I can’t count the number of left leaning friends I’ve lost this last election cycle. I find that people who identify ideologically as progressives, especially but not uniquely, are by and large intolerant. And unforgiving. And prone to get angry when confused by facts. Freedom of speech, which used to be a cornerstone of liberalism, is now treated like physical violence. This is the first time I can think in history where the grassroots of any party are looking to retard the rights of everyday citizens…. But that’s exactly what’s happening.
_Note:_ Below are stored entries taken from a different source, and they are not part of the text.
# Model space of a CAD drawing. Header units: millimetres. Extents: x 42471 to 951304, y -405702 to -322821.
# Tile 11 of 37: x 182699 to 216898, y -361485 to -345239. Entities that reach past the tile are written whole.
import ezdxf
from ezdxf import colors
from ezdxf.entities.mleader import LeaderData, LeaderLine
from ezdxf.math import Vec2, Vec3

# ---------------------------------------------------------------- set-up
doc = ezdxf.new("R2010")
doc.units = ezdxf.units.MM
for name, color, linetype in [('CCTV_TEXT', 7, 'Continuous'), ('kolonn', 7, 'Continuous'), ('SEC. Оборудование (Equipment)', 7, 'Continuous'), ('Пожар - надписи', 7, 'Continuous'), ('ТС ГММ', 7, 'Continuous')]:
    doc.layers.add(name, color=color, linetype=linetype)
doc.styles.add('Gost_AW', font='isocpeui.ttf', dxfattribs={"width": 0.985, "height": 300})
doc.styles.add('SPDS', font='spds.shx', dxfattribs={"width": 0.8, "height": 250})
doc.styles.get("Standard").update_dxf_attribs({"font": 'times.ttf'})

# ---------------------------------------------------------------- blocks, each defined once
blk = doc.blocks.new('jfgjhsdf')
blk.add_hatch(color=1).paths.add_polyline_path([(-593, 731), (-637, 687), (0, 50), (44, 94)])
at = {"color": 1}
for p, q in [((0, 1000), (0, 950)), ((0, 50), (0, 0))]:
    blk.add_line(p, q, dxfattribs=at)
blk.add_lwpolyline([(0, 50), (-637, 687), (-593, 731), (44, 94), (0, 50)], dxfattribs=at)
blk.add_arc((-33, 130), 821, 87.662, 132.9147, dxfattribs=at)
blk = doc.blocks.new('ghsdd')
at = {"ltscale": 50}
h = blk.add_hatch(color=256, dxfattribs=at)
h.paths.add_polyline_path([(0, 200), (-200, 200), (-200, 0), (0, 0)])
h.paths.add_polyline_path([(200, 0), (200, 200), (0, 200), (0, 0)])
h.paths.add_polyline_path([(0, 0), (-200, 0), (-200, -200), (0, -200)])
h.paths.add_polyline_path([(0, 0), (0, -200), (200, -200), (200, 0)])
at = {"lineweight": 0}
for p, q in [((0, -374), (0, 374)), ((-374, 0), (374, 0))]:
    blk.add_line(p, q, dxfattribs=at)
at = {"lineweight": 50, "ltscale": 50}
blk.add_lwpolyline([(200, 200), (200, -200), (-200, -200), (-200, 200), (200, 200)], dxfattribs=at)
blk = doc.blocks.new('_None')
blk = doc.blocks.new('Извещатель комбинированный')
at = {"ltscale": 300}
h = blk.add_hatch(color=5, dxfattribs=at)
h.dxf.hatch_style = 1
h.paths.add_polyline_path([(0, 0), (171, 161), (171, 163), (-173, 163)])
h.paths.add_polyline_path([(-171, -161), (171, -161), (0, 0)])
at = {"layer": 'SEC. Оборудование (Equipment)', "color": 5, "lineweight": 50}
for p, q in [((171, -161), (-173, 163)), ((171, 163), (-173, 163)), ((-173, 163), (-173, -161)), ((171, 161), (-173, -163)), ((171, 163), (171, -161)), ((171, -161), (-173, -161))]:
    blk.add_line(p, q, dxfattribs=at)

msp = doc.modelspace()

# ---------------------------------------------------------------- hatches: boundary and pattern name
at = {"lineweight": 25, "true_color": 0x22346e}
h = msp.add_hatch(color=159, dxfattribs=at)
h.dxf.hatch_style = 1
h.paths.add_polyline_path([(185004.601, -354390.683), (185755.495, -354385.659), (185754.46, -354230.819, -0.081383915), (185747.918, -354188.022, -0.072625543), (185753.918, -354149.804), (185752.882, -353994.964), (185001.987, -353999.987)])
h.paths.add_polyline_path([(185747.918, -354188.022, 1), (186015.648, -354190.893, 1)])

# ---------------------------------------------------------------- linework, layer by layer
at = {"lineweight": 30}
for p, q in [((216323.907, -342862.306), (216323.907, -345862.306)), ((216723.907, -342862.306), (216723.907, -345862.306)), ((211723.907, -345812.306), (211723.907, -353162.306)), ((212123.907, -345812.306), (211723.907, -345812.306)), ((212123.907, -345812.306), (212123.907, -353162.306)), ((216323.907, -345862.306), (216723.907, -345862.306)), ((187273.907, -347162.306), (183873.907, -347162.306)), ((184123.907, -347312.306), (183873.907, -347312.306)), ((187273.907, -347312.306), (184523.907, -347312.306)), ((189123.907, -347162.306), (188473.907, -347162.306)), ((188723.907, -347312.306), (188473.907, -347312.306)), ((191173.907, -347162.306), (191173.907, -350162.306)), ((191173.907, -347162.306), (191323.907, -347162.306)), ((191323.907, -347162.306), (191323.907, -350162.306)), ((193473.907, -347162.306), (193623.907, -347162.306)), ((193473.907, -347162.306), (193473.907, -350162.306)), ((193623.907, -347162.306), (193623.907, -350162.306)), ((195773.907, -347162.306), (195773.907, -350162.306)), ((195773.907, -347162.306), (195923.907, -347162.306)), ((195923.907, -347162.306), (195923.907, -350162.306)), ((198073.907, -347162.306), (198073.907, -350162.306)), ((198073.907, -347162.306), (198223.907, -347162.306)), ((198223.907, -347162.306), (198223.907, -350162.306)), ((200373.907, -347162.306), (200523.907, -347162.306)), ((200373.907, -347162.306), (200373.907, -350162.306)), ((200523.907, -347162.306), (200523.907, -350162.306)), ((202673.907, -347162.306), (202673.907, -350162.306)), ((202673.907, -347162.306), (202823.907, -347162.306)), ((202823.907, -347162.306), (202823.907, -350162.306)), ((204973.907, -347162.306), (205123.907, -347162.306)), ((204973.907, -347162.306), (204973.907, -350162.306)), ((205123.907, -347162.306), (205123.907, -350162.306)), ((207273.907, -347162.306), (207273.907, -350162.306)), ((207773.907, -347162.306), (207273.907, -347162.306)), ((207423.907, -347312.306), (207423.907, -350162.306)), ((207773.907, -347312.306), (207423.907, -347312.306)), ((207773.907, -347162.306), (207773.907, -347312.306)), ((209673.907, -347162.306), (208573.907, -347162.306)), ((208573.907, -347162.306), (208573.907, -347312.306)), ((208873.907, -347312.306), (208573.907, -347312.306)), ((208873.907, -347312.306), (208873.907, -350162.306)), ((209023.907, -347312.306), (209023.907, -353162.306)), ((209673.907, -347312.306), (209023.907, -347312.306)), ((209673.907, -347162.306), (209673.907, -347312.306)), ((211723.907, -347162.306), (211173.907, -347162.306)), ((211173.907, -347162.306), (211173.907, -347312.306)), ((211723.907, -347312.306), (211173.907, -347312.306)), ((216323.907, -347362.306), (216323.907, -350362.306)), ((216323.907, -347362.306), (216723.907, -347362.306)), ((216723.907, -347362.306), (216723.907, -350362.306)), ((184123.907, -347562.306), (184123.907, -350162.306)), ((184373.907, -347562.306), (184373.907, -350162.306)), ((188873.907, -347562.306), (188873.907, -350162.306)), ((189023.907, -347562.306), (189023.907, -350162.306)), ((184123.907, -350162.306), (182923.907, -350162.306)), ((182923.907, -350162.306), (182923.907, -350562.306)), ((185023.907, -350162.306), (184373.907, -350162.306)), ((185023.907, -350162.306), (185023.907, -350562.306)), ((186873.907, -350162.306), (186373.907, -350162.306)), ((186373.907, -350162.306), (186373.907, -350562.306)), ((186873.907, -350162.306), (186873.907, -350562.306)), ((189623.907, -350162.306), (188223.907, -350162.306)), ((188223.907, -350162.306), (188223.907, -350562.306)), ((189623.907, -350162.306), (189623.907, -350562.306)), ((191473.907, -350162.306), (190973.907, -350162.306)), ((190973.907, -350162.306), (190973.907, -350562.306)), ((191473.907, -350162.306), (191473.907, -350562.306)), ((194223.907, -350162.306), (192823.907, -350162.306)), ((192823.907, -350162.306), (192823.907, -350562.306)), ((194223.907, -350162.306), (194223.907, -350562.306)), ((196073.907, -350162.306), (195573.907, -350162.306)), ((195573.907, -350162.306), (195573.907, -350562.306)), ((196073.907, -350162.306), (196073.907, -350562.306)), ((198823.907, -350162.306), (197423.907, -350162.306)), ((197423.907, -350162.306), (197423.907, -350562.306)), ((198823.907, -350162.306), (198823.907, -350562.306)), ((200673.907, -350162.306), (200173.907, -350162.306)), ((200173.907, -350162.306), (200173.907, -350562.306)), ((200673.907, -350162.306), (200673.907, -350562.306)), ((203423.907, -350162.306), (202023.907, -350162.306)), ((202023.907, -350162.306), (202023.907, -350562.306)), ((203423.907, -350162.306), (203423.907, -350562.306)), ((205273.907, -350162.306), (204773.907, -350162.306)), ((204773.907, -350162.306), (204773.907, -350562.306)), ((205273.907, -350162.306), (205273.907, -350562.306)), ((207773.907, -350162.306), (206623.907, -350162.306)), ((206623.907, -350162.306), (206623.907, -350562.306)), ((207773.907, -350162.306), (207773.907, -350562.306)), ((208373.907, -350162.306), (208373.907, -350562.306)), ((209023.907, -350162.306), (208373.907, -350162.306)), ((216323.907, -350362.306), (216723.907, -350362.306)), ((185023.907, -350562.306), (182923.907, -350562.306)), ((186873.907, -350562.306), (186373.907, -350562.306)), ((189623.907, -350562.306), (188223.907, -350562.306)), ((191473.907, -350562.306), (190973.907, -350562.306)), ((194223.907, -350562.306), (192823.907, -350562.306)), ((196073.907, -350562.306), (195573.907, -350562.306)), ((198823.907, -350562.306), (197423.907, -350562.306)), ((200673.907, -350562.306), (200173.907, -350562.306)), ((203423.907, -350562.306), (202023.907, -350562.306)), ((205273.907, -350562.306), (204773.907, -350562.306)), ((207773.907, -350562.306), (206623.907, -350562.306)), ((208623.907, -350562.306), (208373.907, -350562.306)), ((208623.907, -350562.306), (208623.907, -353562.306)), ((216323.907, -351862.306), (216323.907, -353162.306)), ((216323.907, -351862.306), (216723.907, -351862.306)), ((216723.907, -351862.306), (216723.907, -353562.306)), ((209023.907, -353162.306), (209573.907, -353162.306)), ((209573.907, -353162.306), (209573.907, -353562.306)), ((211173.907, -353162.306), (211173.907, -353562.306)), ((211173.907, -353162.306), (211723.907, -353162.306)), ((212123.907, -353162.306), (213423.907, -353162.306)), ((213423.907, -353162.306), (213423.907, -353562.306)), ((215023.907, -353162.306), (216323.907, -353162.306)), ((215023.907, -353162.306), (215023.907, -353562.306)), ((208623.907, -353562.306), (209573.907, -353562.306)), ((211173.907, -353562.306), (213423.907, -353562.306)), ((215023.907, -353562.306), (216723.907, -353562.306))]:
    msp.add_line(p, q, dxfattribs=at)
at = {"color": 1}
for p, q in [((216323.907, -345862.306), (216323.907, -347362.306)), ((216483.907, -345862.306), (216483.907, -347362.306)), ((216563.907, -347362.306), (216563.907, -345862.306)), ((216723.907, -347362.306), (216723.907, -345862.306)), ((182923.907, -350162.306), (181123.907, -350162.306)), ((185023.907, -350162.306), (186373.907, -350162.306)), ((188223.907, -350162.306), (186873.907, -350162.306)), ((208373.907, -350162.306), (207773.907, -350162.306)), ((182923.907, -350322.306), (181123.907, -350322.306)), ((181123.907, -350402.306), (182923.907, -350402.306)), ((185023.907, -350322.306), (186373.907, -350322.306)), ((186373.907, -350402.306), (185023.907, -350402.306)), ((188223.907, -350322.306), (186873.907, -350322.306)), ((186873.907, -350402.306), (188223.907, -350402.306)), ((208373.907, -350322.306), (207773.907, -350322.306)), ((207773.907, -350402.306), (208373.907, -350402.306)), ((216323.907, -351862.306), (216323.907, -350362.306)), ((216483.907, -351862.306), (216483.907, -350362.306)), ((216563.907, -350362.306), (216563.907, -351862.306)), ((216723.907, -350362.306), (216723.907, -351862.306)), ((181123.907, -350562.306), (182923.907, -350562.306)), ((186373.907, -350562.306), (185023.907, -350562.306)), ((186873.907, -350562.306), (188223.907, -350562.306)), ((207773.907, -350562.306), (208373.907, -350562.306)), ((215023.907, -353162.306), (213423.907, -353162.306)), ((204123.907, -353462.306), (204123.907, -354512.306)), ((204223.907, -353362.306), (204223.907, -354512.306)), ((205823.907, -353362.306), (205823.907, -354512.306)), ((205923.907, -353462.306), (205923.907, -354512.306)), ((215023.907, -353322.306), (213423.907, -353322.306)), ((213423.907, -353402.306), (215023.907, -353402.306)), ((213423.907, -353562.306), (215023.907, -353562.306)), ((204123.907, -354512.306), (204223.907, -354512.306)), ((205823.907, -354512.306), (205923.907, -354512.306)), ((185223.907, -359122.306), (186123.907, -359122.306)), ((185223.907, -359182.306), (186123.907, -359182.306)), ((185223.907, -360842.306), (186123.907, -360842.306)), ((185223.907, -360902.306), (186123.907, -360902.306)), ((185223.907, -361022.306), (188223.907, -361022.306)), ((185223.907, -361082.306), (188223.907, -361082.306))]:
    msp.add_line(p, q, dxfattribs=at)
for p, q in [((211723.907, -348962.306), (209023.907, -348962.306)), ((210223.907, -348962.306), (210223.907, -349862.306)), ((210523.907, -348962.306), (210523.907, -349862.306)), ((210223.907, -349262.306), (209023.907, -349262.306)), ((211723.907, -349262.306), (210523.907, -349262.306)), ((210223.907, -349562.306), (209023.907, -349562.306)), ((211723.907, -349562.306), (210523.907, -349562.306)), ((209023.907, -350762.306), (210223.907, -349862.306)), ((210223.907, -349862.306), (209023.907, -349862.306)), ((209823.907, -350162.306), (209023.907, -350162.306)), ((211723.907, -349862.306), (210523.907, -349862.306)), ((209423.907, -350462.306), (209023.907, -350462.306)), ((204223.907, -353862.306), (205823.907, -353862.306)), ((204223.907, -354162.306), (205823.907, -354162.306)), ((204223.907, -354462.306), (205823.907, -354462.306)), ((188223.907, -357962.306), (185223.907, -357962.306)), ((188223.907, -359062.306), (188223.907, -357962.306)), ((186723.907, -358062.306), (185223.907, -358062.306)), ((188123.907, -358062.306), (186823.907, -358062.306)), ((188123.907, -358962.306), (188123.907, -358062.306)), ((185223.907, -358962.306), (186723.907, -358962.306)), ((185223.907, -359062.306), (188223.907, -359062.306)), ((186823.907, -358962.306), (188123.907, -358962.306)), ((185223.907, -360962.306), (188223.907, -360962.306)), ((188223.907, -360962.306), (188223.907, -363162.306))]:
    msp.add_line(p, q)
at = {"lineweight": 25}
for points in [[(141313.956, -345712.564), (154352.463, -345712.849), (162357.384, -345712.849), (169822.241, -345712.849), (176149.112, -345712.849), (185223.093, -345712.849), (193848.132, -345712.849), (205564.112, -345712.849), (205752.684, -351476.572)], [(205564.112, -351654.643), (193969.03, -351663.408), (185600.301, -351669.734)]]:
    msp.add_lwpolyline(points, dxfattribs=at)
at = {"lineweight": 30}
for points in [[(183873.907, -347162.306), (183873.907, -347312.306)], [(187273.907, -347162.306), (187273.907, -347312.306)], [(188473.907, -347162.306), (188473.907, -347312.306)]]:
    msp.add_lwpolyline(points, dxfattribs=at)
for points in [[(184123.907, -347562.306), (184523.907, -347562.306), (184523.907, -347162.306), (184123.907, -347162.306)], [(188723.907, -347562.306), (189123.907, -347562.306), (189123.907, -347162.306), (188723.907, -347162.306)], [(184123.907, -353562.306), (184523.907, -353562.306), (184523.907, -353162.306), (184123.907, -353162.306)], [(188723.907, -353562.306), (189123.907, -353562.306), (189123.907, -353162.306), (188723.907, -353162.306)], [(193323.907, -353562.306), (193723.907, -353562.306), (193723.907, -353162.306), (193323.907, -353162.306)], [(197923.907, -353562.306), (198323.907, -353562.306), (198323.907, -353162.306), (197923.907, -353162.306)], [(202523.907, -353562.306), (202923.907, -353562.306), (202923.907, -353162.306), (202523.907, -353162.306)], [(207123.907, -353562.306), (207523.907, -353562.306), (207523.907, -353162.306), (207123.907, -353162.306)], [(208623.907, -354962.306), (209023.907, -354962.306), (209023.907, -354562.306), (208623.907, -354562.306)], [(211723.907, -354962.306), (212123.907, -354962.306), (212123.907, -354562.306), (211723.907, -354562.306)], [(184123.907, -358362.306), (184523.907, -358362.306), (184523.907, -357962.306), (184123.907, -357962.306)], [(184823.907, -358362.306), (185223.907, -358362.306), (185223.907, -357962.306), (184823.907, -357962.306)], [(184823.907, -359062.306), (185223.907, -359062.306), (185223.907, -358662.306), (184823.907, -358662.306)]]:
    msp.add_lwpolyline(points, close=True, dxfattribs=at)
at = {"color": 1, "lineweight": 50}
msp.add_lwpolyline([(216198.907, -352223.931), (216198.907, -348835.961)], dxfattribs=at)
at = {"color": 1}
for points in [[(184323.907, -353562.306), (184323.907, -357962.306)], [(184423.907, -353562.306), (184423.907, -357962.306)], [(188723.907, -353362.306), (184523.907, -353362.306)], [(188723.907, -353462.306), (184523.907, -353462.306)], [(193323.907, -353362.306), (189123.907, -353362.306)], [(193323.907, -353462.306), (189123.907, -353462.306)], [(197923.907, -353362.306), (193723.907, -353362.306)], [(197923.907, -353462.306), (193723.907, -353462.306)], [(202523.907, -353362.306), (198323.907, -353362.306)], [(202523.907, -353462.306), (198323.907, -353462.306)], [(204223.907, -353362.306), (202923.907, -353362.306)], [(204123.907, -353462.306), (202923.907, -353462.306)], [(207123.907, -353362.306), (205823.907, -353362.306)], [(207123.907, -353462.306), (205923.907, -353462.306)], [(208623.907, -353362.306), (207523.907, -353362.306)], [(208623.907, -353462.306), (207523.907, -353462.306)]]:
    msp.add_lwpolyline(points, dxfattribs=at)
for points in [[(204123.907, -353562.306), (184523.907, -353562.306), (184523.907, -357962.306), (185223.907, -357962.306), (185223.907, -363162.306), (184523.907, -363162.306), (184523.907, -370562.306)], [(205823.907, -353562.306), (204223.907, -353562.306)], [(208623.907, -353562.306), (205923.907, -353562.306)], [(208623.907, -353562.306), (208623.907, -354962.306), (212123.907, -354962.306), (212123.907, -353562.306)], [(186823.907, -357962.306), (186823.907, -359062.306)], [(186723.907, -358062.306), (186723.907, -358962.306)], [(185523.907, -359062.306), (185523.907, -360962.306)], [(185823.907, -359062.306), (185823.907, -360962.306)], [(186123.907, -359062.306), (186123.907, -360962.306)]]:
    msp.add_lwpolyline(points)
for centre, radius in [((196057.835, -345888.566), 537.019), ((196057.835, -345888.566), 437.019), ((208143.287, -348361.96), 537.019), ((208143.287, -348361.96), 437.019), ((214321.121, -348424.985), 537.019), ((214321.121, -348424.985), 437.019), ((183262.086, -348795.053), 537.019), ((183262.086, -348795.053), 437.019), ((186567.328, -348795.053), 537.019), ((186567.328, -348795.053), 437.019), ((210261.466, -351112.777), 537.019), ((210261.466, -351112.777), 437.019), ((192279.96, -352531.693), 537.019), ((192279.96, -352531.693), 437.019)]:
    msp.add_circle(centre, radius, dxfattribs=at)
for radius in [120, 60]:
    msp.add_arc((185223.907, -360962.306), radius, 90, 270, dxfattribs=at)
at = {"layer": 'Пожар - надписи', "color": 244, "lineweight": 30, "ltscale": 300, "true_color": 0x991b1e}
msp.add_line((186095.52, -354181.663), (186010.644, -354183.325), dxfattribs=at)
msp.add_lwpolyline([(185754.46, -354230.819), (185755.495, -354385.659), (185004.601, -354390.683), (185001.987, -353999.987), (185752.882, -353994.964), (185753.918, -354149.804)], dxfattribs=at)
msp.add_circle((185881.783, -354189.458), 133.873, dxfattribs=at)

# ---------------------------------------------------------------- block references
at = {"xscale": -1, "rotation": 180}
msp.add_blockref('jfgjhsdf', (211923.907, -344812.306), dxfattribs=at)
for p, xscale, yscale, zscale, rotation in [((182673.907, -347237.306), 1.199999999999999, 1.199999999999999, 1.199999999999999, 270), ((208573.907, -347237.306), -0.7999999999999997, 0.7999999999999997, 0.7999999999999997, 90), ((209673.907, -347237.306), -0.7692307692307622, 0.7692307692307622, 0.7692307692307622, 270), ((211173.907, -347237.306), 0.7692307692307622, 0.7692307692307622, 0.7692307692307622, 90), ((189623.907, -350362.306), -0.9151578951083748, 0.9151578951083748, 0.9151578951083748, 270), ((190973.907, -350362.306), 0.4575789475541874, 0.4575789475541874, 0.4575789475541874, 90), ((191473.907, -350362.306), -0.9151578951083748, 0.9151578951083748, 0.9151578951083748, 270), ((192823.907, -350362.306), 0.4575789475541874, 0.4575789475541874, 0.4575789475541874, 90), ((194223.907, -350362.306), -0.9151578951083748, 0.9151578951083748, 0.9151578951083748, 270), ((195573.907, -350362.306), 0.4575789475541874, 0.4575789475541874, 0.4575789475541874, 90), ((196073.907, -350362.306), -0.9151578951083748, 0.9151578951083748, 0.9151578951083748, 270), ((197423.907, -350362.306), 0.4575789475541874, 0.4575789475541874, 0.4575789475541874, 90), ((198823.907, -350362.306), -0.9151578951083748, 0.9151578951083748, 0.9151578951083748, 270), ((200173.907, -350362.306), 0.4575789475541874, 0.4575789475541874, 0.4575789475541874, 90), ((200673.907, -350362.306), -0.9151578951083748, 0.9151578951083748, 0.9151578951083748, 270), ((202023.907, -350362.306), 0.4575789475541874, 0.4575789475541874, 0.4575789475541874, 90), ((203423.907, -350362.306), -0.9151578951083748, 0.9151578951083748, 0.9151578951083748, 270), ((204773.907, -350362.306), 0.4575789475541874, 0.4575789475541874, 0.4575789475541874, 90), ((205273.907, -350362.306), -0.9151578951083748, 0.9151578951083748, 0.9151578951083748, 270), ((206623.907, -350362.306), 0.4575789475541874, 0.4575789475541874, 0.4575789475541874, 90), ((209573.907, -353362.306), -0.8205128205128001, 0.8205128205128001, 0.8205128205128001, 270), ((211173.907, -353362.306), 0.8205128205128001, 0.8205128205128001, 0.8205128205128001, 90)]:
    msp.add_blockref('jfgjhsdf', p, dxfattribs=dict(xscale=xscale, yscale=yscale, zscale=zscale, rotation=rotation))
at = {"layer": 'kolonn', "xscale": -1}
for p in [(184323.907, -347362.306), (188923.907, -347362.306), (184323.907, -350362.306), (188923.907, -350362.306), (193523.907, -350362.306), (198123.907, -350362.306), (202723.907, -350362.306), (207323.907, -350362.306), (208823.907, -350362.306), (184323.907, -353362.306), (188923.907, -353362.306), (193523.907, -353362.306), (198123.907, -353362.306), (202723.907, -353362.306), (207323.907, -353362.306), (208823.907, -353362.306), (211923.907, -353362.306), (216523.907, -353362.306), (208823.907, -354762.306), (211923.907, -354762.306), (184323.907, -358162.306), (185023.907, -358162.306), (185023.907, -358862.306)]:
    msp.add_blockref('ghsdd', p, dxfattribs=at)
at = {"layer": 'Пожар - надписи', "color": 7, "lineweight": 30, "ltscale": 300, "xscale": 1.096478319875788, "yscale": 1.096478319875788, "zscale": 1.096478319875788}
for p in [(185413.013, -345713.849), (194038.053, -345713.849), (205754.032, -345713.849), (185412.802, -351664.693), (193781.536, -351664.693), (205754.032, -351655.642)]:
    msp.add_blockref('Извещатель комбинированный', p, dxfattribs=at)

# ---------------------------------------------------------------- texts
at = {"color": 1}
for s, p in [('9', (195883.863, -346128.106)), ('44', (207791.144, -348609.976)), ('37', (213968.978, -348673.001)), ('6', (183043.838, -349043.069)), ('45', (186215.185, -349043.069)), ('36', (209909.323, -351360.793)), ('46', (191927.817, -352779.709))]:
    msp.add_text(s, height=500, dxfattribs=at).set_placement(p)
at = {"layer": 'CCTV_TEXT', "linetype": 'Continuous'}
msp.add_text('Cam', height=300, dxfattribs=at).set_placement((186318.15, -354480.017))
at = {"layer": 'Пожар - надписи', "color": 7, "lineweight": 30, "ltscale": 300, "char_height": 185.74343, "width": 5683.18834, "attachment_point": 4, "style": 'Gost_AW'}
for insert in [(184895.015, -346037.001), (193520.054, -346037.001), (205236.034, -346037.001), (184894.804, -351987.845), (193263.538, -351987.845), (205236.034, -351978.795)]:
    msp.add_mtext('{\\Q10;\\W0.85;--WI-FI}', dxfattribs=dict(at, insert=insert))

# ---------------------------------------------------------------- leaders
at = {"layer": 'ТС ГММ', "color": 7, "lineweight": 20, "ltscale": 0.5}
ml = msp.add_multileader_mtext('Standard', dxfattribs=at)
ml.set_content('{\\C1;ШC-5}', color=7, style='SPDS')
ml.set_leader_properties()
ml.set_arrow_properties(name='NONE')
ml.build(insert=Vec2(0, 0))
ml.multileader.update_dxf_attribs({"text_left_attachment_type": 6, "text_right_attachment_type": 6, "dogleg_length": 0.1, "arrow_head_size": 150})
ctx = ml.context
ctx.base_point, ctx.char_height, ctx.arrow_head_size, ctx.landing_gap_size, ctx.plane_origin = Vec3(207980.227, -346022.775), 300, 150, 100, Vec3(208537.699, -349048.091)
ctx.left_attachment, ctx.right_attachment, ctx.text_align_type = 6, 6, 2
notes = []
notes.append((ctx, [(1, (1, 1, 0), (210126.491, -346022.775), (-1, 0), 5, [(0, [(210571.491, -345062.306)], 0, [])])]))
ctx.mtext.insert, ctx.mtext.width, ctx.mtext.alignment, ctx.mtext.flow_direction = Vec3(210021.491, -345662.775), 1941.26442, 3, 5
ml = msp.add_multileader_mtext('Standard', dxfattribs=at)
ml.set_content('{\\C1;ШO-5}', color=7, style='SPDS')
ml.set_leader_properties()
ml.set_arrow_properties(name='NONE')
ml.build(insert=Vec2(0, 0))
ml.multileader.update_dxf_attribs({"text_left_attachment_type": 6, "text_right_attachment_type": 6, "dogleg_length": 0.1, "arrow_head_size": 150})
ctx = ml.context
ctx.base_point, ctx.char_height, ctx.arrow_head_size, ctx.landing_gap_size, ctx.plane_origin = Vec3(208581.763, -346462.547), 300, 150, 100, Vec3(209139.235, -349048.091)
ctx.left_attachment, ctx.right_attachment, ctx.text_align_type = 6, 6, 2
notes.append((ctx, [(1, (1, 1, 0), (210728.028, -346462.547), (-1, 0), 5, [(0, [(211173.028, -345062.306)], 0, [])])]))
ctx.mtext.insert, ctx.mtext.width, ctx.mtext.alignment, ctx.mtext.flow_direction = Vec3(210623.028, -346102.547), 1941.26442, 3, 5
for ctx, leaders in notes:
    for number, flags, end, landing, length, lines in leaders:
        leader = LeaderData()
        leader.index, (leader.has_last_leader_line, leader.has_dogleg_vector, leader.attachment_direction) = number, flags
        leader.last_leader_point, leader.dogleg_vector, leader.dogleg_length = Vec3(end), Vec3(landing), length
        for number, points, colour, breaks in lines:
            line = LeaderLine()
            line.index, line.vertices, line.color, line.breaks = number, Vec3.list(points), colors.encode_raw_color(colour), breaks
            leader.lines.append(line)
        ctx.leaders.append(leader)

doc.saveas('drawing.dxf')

Now how does any of this effect this blog specifically? Well, first off: Whether the blog is centrist or not, the blog is perhaps accidentally counter-culture. Whoever is in power is more able to give Jack ammunition. For the longest time it could appear that Jack was picking on the democrats, because they were supplying him with the most actionable material, they were in power, they did things that effected larger audiences. Sure, there might have been some selection bias, and sure, there might have been some lensing going on… But that just makes the switch that’s happened more profound. Over the last two years, there have been more republicans to talk about, because republicans had gained more power two years ago when the senate swapped. Even then: Hillary was front and centre, because she’s presumably the next president of the United States. Now we’re talking about Trump, oh yes, Hillary’s still there, on a back burner, oh yeah Paul Ryan’s still there, somewhere in a shadow, maybe playing poker with Sanders, Warren and Obama. But forget them, we’re talking about Trump, and why? Because he’s more important than we really want to give him credit for. And that’s perhaps frightening.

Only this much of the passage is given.